From my initial exploration, Visual Look Up is dependent on multiple internet connections to several different Apple servers. Much of the work is performed by VisionKit and VisualSearch. These initially analyse the image and determine which type it is. If it’s a painting, they then calculate what Apple terms a Neural Hash, a near-unique signature which is largely independent of colour balance, resolution, even cropping within limits. That Neural Hash is then looked up online in Apple’s dictionary to find the nearest match, for which details are then fetched from Apple’s servers.

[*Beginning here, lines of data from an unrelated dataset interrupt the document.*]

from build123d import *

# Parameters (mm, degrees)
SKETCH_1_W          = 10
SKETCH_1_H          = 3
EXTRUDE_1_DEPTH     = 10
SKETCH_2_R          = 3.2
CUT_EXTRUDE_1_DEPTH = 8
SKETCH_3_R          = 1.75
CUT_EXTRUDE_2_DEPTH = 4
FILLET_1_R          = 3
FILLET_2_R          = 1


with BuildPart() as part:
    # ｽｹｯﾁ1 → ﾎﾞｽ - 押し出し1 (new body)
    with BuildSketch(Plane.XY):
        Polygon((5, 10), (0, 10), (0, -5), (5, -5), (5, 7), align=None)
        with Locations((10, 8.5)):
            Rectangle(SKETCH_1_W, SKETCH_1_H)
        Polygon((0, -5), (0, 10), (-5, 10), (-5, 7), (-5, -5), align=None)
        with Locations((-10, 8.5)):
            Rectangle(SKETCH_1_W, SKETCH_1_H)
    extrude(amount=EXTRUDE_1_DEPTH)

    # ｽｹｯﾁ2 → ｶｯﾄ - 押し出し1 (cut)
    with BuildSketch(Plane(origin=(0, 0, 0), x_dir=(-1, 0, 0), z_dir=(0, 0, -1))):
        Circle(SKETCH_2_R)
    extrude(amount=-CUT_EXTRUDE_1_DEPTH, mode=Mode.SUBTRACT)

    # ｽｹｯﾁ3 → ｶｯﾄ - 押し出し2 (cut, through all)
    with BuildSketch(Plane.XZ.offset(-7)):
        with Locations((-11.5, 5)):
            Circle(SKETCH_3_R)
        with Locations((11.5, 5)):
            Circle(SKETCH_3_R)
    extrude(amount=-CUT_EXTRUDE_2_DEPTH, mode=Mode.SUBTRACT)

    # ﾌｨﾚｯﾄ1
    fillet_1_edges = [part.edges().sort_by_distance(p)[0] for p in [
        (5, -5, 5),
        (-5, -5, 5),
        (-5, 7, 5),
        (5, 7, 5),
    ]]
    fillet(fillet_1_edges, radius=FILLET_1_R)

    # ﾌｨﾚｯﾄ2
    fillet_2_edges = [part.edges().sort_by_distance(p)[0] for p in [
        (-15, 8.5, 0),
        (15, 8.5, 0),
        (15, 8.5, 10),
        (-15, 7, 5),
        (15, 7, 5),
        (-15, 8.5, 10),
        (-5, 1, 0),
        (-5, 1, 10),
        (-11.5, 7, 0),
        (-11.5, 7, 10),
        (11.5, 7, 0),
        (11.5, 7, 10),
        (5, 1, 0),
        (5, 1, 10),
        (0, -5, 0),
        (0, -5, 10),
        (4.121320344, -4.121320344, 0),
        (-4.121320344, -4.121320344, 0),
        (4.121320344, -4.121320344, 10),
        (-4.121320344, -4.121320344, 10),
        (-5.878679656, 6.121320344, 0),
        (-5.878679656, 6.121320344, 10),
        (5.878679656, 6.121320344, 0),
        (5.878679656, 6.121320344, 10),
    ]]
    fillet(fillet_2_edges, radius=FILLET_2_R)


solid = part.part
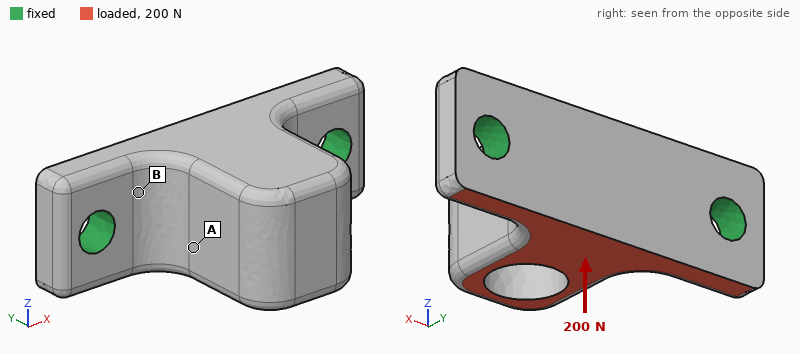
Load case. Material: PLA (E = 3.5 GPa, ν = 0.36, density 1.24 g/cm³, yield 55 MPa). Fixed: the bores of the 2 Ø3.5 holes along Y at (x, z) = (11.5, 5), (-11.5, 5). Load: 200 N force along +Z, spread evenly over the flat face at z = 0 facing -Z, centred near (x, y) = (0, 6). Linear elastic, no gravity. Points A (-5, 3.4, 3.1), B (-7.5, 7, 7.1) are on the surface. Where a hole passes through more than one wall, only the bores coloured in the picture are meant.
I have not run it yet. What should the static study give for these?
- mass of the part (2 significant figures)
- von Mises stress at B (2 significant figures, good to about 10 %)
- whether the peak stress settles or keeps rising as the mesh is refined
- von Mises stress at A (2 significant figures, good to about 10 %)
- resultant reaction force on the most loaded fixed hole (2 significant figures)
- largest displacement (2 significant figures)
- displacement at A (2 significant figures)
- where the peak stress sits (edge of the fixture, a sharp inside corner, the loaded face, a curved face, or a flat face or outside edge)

2.2 g
17 MPa
keeps rising
3.3 MPa
100 N
0.19 mm
0.083 mm
edge of the fixture
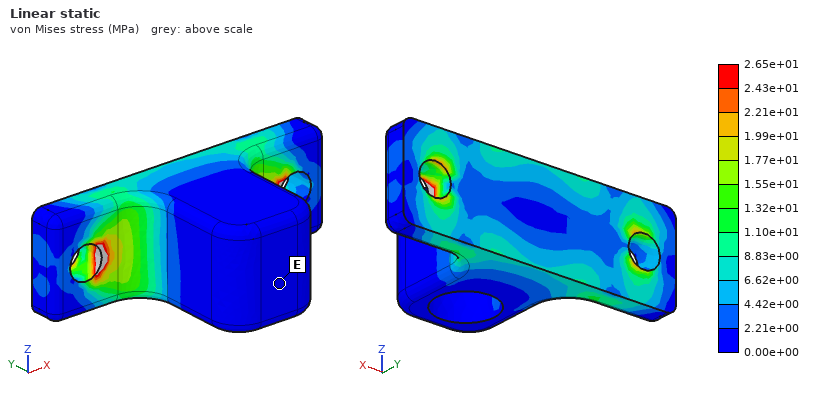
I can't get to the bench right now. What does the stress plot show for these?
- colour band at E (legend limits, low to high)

0.00e+00 to 2.21e+00 MPa
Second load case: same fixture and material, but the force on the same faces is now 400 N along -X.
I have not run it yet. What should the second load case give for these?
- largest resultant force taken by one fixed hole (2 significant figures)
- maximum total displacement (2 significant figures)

220 N
0.10 mm
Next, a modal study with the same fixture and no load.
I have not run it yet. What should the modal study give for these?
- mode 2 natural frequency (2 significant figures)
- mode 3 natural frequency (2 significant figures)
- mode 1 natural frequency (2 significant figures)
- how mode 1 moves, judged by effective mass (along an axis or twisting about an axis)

8200 Hz
8400 Hz
3600 Hz
along Z
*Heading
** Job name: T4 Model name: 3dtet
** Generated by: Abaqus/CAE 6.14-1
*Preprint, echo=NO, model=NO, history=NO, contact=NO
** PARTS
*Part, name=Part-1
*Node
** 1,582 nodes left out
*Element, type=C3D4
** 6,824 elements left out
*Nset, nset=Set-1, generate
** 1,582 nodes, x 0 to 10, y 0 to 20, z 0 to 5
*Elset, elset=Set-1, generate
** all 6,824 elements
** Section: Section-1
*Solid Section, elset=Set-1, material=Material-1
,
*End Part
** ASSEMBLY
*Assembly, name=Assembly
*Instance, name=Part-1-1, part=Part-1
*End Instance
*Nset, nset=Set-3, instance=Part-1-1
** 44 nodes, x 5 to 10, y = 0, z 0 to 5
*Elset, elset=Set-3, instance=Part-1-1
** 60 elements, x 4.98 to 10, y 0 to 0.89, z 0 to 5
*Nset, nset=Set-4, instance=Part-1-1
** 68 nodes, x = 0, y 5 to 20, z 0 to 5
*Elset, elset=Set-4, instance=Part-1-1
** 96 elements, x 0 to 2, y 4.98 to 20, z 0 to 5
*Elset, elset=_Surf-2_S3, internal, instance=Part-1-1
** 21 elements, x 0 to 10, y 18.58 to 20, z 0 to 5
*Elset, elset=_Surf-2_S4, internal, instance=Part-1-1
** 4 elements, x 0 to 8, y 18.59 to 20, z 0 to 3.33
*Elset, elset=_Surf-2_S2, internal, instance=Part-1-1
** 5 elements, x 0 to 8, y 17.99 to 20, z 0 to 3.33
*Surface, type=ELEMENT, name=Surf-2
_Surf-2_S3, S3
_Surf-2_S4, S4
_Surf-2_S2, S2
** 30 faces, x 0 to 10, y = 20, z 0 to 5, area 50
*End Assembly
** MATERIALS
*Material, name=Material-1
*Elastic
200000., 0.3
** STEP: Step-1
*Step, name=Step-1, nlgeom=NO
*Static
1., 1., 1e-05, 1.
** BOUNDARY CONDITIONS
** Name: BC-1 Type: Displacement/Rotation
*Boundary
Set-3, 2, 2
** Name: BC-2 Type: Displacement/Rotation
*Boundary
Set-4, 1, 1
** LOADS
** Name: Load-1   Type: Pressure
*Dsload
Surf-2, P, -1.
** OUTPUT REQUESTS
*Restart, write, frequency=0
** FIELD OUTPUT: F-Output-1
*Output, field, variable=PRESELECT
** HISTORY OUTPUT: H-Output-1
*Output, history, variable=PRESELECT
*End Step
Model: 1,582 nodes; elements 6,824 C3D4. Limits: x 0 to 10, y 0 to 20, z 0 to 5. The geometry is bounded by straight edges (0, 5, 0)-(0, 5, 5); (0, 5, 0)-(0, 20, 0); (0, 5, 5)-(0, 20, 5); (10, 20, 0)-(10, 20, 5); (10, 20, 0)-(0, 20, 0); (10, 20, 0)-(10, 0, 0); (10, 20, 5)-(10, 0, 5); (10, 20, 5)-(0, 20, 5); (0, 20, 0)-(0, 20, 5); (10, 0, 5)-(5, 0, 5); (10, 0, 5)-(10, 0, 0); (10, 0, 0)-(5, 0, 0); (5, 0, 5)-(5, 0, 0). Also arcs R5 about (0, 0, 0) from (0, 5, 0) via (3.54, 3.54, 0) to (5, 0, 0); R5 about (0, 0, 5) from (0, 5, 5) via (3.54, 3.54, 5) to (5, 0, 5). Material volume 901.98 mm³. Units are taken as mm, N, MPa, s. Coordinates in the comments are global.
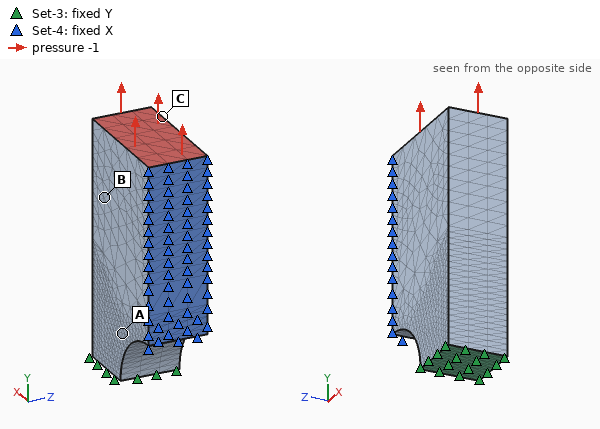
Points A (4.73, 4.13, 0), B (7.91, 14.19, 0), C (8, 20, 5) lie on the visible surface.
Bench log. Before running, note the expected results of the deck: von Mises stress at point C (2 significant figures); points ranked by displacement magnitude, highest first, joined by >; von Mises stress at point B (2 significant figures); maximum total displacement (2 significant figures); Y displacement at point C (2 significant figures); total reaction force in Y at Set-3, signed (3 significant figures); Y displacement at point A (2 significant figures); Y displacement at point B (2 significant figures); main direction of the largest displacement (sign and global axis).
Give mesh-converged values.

1.0 MPa
C > B > A
1.2 MPa
1.5e-04 mm
1.4e-04 mm
-50.0 N
5.8e-05 mm
1.1e-04 mm
+Y
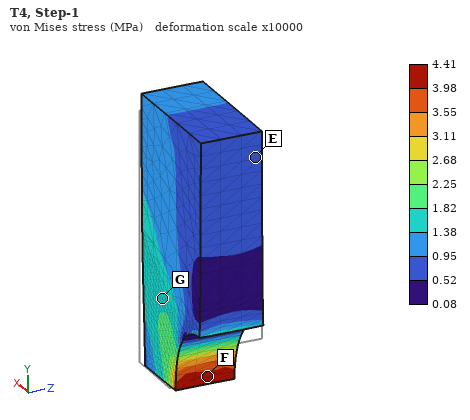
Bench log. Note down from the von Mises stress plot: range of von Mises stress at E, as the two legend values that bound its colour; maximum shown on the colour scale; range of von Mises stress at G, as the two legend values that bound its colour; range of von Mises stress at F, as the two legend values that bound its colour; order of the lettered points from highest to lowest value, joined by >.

0.52 to 0.95 MPa
4.41 MPa
1.38 to 1.82 MPa
3.98 to 4.41 MPa
F > G > E
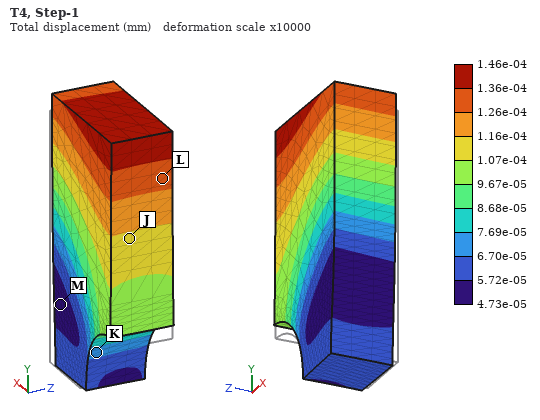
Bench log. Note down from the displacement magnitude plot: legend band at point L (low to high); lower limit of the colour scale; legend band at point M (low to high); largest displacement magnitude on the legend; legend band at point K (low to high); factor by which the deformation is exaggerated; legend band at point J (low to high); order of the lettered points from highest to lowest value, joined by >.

1.26e-04 to 1.36e-04 mm
4.73e-05 mm
4.73e-05 to 5.72e-05 mm
1.46e-04 mm
6.70e-05 to 7.69e-05 mm
10000
1.07e-04 to 1.16e-04 mm
L > J > K > M
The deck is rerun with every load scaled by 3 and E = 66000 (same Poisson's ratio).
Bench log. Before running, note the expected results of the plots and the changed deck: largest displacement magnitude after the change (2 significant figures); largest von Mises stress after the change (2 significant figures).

0.0013 mm
13 MPa
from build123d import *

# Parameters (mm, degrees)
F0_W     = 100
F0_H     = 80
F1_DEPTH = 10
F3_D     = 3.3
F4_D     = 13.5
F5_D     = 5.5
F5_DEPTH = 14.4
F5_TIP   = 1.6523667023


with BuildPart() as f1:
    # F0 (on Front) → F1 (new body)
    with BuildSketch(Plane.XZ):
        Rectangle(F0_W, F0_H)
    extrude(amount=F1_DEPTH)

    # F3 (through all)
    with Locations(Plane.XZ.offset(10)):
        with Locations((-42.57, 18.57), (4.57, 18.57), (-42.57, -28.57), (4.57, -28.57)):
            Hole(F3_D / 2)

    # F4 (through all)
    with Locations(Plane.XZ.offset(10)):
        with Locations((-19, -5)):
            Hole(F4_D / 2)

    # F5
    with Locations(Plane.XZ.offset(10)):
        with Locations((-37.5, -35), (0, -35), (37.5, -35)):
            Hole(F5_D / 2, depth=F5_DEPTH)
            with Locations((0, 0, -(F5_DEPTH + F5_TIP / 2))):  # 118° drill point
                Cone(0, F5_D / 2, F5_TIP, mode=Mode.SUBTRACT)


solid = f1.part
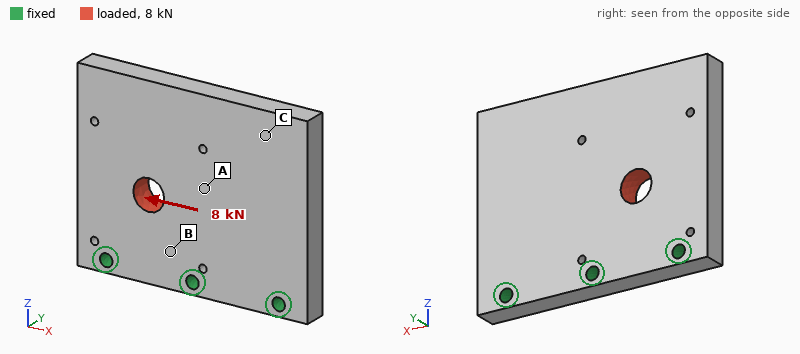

Confusion between the Pissarro and Gallen-Kallela paintings above resulted from a ‘collision’, in which their Neural Hashes are sufficiently similar to result in misidentification, one of the reasons that Apple was dissuaded from using this technique to detect CSAM. When it’s relatively unimportant, errors like this are tolerable.

Currently for paintings, Visual Look Up appears remarkably accurate, with vast coverage, far greater that you’d expect any single human to be capable of. However, as implemented it has two significant shortcomings.

The first is in the data that it links to. Look up most Turners in the Tate, for example, and Look Up doesn’t link to their pages on the Tate Gallery site, but in many cases to commercial vendors of replicas, whose information about these works is often limited and unhelpful, sometimes incorrect. The information given doesn’t appear to have been structured by an art expert either: media and location are rarely given, and the only dimension provided is the height of the painting in feet. Hopefully Apple will improve these in the future, and make Visual Look Up the uniquely powerful tool that it should be.

The sad thing for me, though, is that I’ll never be able to get away with spoofs like this again. Visual Look Up gets the artist right every time, and all but one of the paintings identified correctly.